Sektor trotz Bauboom mit immer noch fallenden Leerstandsraten
Seit 2014 seien die Transaktionsvolumina im Logistiksektor in Deutschland von rund 3,3 Milliarden Euro auf 6,8 Milliarden Euro gestiegen, rechnet Fondsmanager Soltau vor. „In der Betrachtung der Logistikdrehscheiben innerhalb Europas ist das Bild recht ähnlich“, ergänzt Kollege Brooks. Allerdings stießen nicht alle Standorte auf dasselbe Interesse der Investoren. Manchmal fehle das Vertrauen in Marktreife und -perspektiven, häufiger aber in die (geo)politische Situation vor Ort oder in der Region, begründet Brooks.
Zwar liegen die durchschnittlichen Renditen bei Logistikimmobilien heute europaweit um ein Drittel unter Werten von vor fünf Jahren, als im Schnitt 6 Prozent erzielt wurden. Doch schon bei der Betrachtung solcher Renditeaussichten sehe man „sehr deutlich, dass die Entfernung dieser Anlageklasse vom Nischenmarkt bereits sehr weit fortgeschritten ist“, betont Soltau.
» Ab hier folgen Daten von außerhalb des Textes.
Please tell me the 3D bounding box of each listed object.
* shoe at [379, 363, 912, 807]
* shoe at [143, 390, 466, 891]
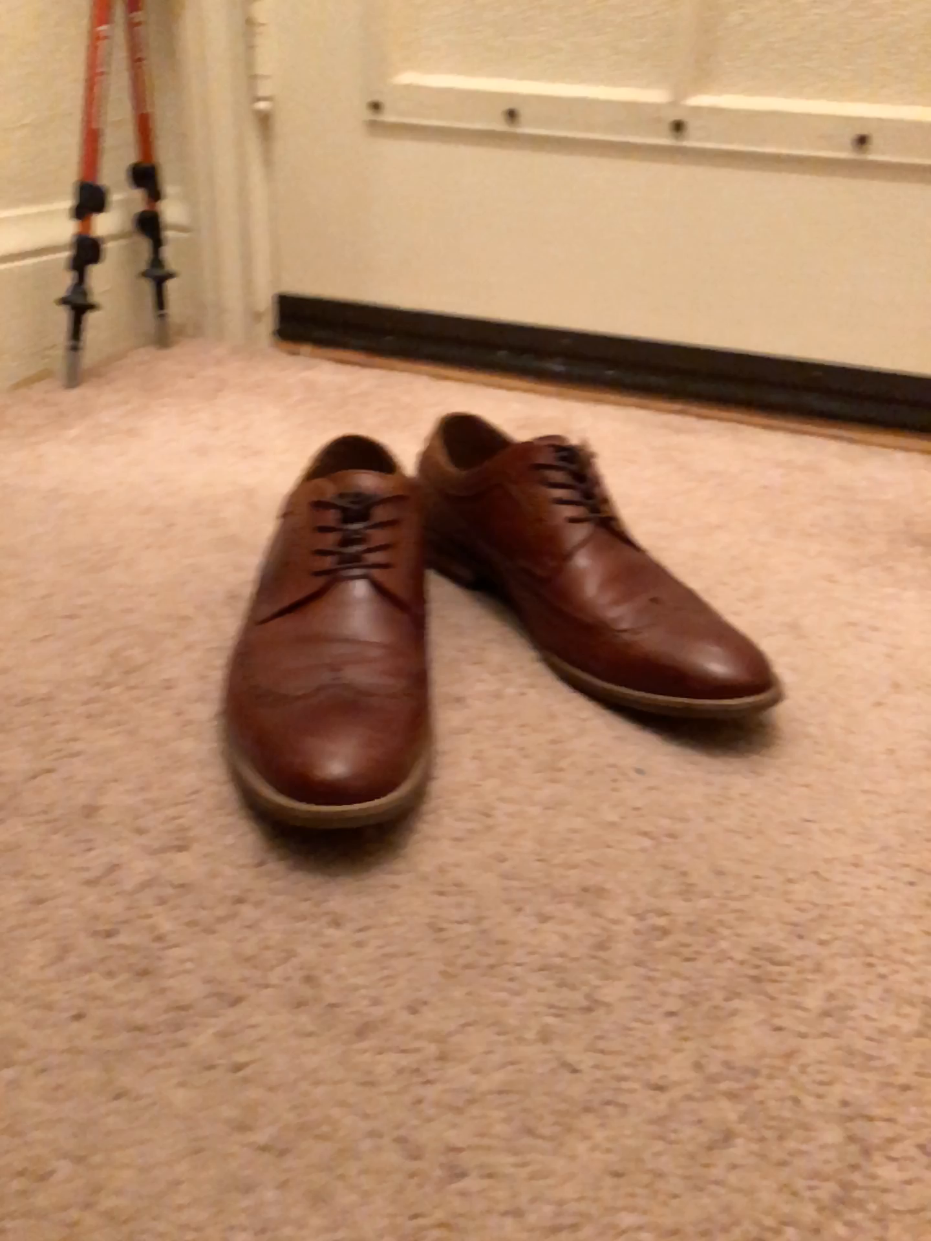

Trotz des anhaltenden Baubooms fielen die Leerstandsraten im Segment immer noch weiter, was Logistikimmobilien auch langfristig zum guten Investment mache.
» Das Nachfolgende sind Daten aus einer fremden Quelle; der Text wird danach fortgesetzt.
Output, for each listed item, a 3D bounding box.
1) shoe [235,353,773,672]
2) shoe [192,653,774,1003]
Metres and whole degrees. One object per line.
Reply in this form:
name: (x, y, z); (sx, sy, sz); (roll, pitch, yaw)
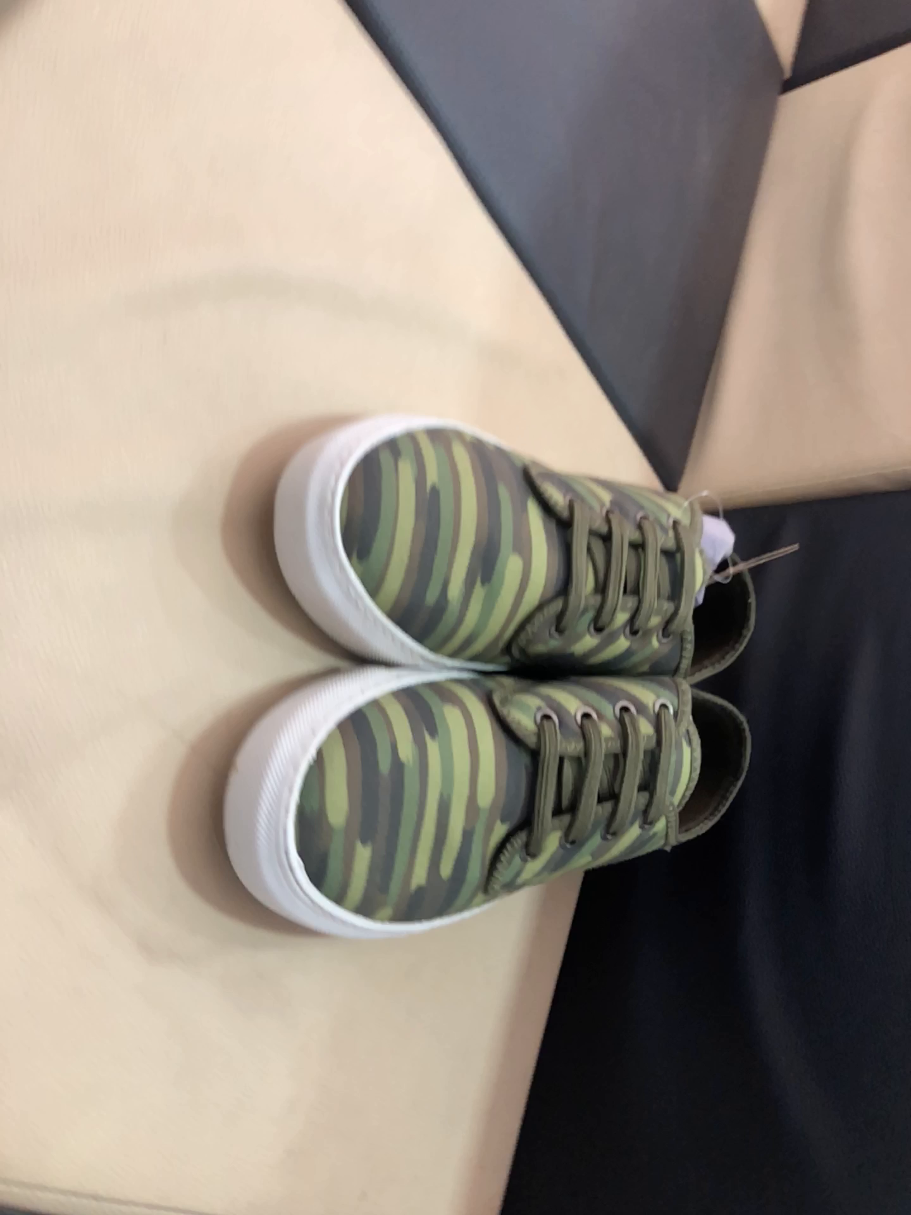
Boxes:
shoe: (0.048, -0.021, 0.468); (0.313, 0.079, 0.100); (5, 84, -52)
shoe: (0.040, 0.074, 0.440); (0.313, 0.079, 0.100); (5, 84, -52)
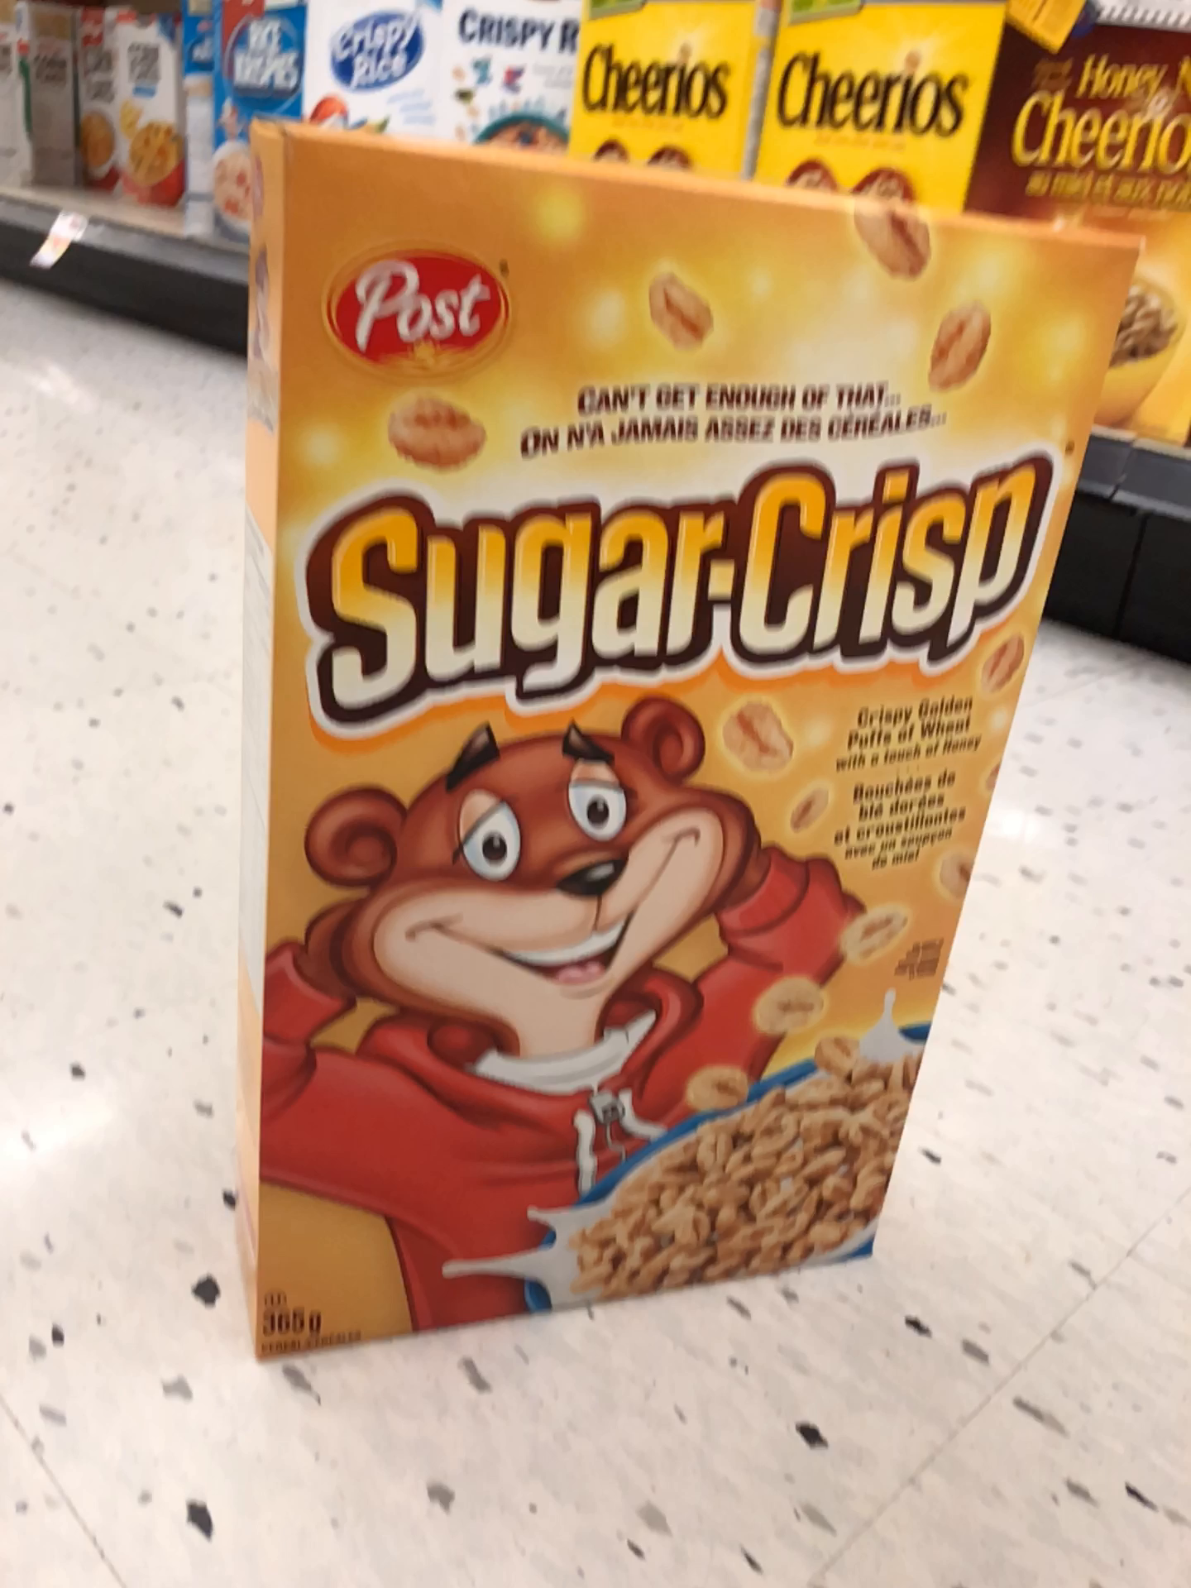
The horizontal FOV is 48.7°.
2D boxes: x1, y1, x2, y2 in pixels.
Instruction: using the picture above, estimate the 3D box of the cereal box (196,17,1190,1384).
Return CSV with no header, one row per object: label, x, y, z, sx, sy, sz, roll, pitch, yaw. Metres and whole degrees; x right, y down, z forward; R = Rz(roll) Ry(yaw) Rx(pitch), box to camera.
cereal box,0.012,-0.004,0.331,0.210,0.298,0.060,-2,25,-21

Das knappe Angebot bei wachsendem Bedarf zwingt Entwickler und Investoren in diesem Zusammenhang aber auch zu Sanierung und Umbau von überalterten Bestandsobjekten, pro Automatisierungslösungen zur Verdichtung von Objekten in die Höhe sowie dazu, B- und C-Lagen als Standorte zu nutzen.
Ein weiterer Trend ist die Nutzenmaximierung des vertikalen Raums, so Soltau. Derzeit haben die Anlagen in der Regel eine Deckenhöhe von 10 bis 12 Metern. Um die Automatisierungsmöglichkeiten noch mehr nutzen zu können, sind jedoch neue Konstruktionen mit einer Höhe von 14 bis 16 Metern geplant.
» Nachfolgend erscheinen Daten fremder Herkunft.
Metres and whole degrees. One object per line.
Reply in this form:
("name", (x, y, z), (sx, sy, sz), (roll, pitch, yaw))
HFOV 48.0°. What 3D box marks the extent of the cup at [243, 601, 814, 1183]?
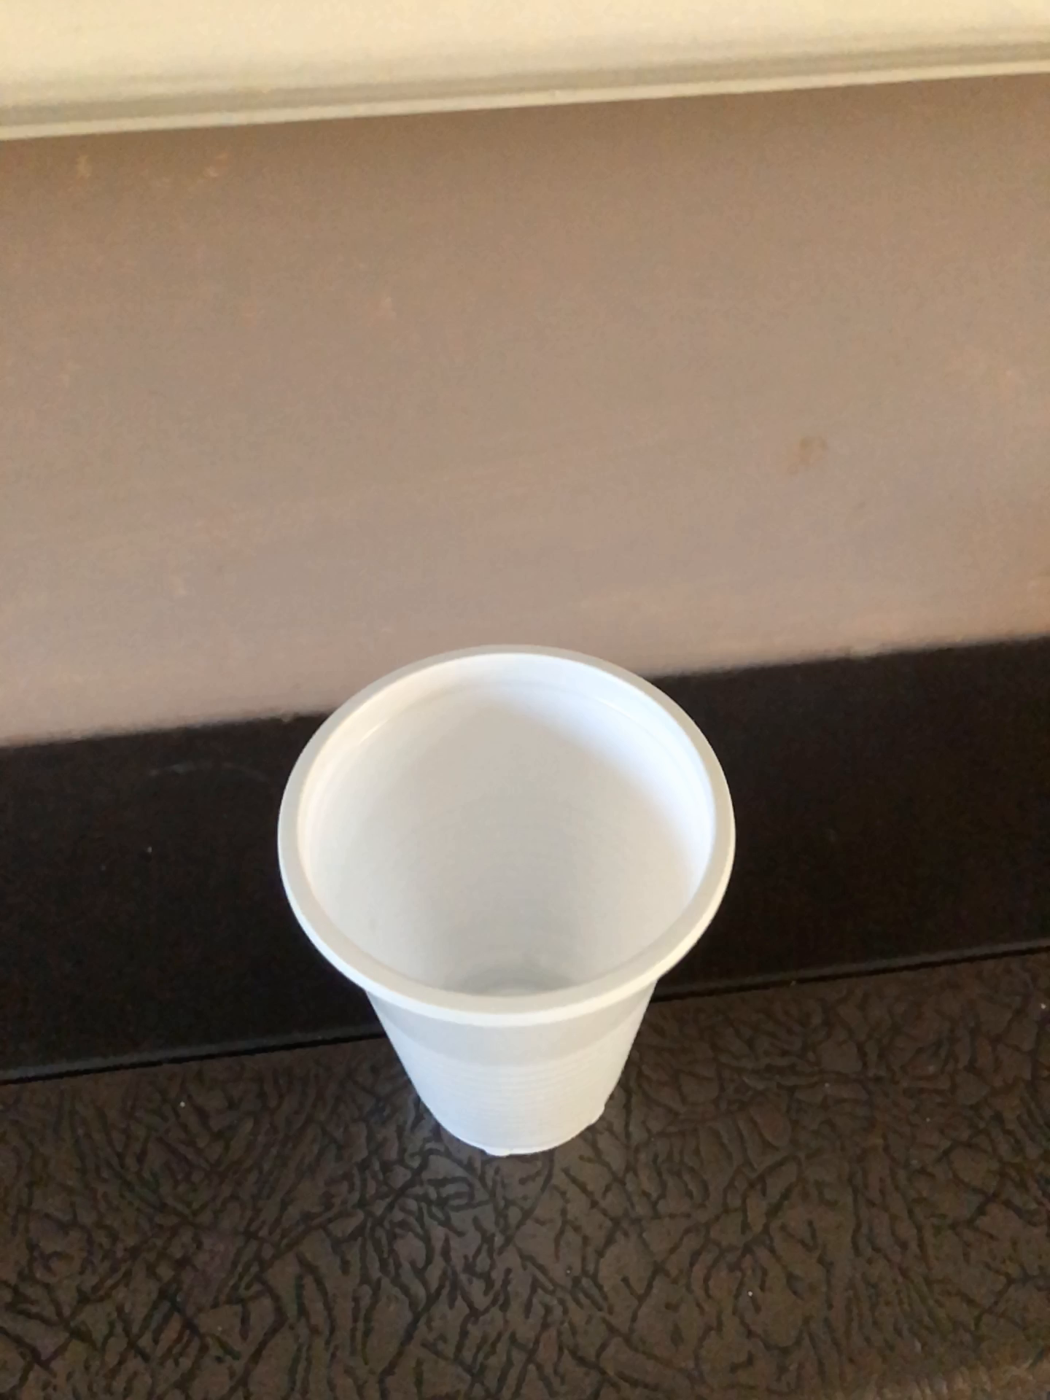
("cup", (-0.001, 0.036, 0.215), (0.079, 0.073, 0.073), (-1, 50, 1))

„Auch wenn der Erstmieter nur eine Deckenhöhe von sechs Metern benötigt, werden die Neubauten oftmals mit einer Höhe von 10 bis 12 Metern gebaut, um potentielle zukünftige Nutzungszwecke mit größerem Höhenbedarf zu erfüllen“, sagt Soltau.
Zusammenfassend lässt sich sagen, dass sich die Logistikimmobilie von morgen durch flexible, leicht umkonfigurierbare Räume auszeichnen wird, idealerweise mit erweiterbarem Lager, oder sogar Hochregallager, barrierefreien Ein- und Ausgängen, sowie Durchfahrtsmöglichkeiten.